Estevan Vega has joined the Colorado State Forest Service as a special projects forester in the agency’s Durango field office.
The state forest service announced Tuesday that Vega will help run the Durango field office’s Colorado Forest Agriculture Classification program and administer the U.S. Forest Service’s Good Neighbor Authority program.
Vega was hired to replace Luke Dittrich who transferred to the agency’s Cañon City field office.
“I look forward to assisting the residents of Southwest Colorado in furthering our shared goals of creating healthier forests and continued ecological stewardship,” Vega said in a news release.
Vega worked for the U.S. Forest Service in Pagosa Springs and as a seasonal forester for the Colorado State Forest Service before being hired for the permanent position.
He has a master’s degree in environmental management with an emphasis in forest ecology from Western Colorado University in Gunnison and has worked with the Bureau of Land Management as an ecological monitoring technician on the Western Slope.
Vega also served in the Peace Corps in The Gambia in western Africa assisting with agroforestry projects.
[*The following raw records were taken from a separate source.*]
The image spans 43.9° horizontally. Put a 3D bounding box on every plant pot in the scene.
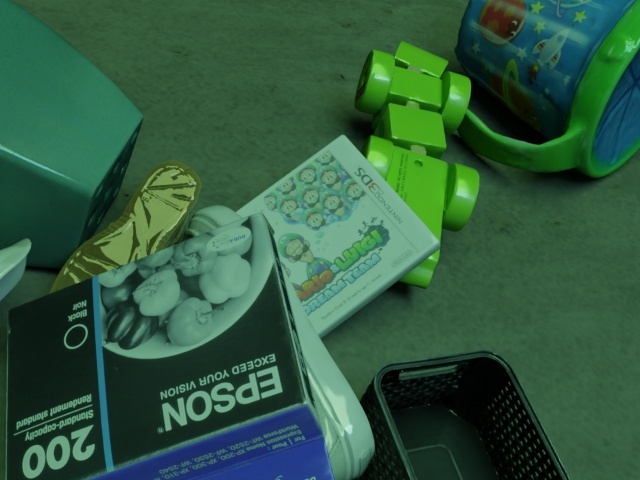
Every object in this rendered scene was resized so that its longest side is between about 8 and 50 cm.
[{"bbox_3d":[-0.277,-0.088,0.634,0.234,0.165,0.166,26,45,-7],"label":"plant pot"}]

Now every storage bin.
[{"bbox_3d":[0.105,0.182,0.580,0.122,0.084,0.180,-4,52,-24],"label":"storage bin"}]

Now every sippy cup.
[{"bbox_3d":[0.293,-0.227,0.938,0.305,0.240,0.224,-18,47,-43],"label":"sippy cup"}]

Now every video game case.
[{"bbox_3d":[0.000,0.000,0.698,0.157,0.019,0.143,-37,65,-5],"label":"video game case"}]

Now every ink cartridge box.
[{"bbox_3d":[-0.107,0.105,0.522,0.206,0.045,0.208,-21,57,6],"label":"ink cartridge box"}]

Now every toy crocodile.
[{"bbox_3d":[0.089,-0.092,0.821,0.115,0.105,0.341,13,51,-9],"label":"toy crocodile"}]

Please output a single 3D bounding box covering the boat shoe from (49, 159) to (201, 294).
[{"bbox_3d":[-0.157,0.012,0.655,0.063,0.059,0.170,36,68,4],"label":"boat shoe"}]

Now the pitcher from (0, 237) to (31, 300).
[{"bbox_3d":[-0.327,0.043,0.533,0.207,0.125,0.178,21,60,-16],"label":"pitcher"}]

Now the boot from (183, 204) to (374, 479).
[{"bbox_3d":[-0.075,0.083,0.597,0.123,0.095,0.258,-19,55,-26],"label":"boot"}]
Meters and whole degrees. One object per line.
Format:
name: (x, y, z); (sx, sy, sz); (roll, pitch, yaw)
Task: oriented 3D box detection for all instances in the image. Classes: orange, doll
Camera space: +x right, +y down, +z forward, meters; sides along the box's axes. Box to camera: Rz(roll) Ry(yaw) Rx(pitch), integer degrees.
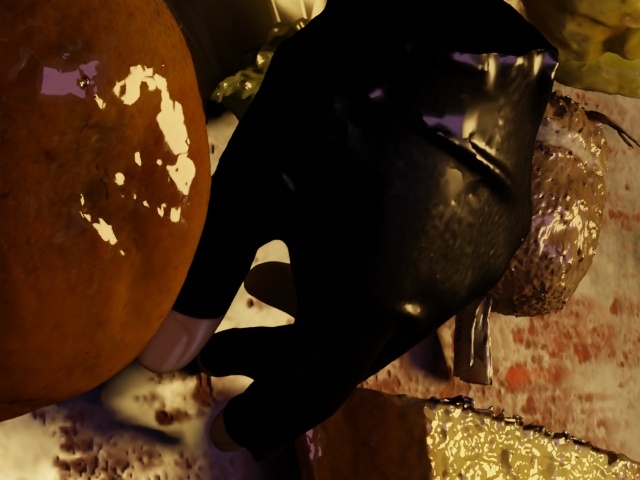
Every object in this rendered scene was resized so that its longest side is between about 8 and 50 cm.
orange: (-0.161, -0.037, 0.860); (0.183, 0.249, 0.249); (-64, 132, -66)
doll: (0.134, -0.009, 1.288); (0.105, 0.115, 0.221); (55, 52, -39)

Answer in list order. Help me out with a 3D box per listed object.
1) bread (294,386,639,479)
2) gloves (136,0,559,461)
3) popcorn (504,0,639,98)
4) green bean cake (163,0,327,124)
bread: (0.084, 0.169, 1.169); (0.260, 0.129, 0.134); (17, 76, -45)
gloves: (0.005, 0.001, 1.003); (0.197, 0.301, 0.152); (-3, 53, -38)
popcorn: (0.189, -0.241, 1.295); (0.282, 0.247, 0.282); (40, 43, -51)
green bean cake: (-0.089, -0.131, 1.036); (0.236, 0.124, 0.233); (-42, 113, -46)

The Colorado Forest Agriculture Classification, or “Forest Ag” program, Vega will run is a voluntary program that allows private landowners with at least 40 acres of contiguous forest to reduce their property taxes if they manage their land to produce wood products to sell.
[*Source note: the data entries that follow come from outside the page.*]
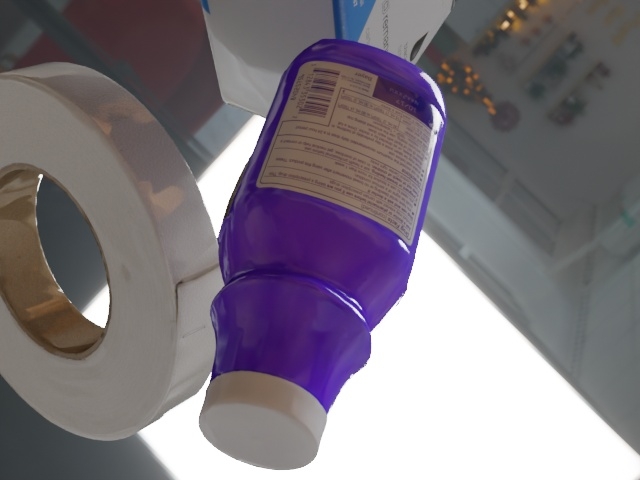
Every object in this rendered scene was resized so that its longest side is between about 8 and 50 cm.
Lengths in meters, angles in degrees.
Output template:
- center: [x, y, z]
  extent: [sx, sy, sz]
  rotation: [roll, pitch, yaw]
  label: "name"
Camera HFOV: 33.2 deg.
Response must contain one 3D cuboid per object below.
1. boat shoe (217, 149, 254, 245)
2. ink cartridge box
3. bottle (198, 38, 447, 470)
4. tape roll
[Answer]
- center: [-0.048, 0.012, 1.224]
  extent: [0.342, 0.123, 0.123]
  rotation: [-66, -157, 17]
  label: "boat shoe"
- center: [0.053, -0.334, 1.050]
  extent: [0.395, 0.166, 0.285]
  rotation: [-57, 158, -27]
  label: "ink cartridge box"
- center: [0.000, 0.000, 0.647]
  extent: [0.092, 0.118, 0.283]
  rotation: [115, -7, -50]
  label: "bottle"
- center: [-0.256, 0.014, 1.095]
  extent: [0.072, 0.392, 0.392]
  rotation: [-25, 162, -47]
  label: "tape roll"
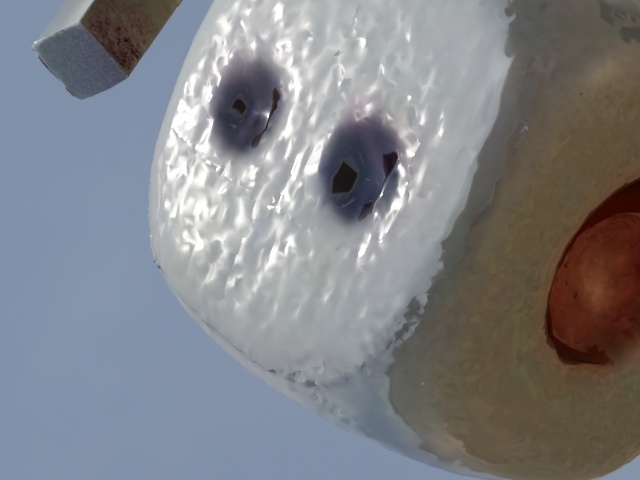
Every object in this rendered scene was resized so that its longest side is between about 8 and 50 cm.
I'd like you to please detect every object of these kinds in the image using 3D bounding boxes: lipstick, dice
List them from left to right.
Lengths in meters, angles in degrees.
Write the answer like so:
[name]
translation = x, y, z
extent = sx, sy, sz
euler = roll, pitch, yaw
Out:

Each landowner is required to have a forest management plan approved by the state forest service and must produce wood products such as Christmas trees, poles or firewood.
“It’s basically a 10-year management plan that has a schedule of work and they get inspected every year by us,” said Mark Loveall, who heads the Durango field office.
More than 80 landowners are enrolled in the program in Archuleta and La Plata counties, Loveall said.
The Durango field office also supports San Juan and Montezuma counties.
“It’s quite a task,” Loveall said. “Usually, (the inspections) start in summer and we have a couple we’re still getting finished up. It takes up a good chunk of that forester’s year.”
Vega will also assist landowners in the Durango and Pagosa Springs areas with sustainable forest management and help manage the joint Good Neighbor Authority program with the U.S. Forest Service and the BLM.
The Good Neighbor Authority program allows the U.S. Forest Service and the BLM to enter into agreements with state forestry agencies to partner on cross-boundary forest management projects.
The state forest service performs the work on behalf of the agency and is compensated by the federal government for the work.
“It’s managing our forests regardless of ownership,” Loveall said.
The Colorado State Forest Service manages state-owned lands and is a branch of the Colorado Department of Natural Resources and the Warner College of Natural Resources at Colorado State University.
The goal of the state forest service is to educate Colorado residents about sustainable forest management and forest restoration and also assist with wildfire mitigation and other management projects.
Loveall said he hopes to add more foresters like Vega to the Durango field office to grow the state forest service’s work in the region.
“We’re hoping to expand,” Loveall said. “If there’s new funding or new programs, we will look to do that.”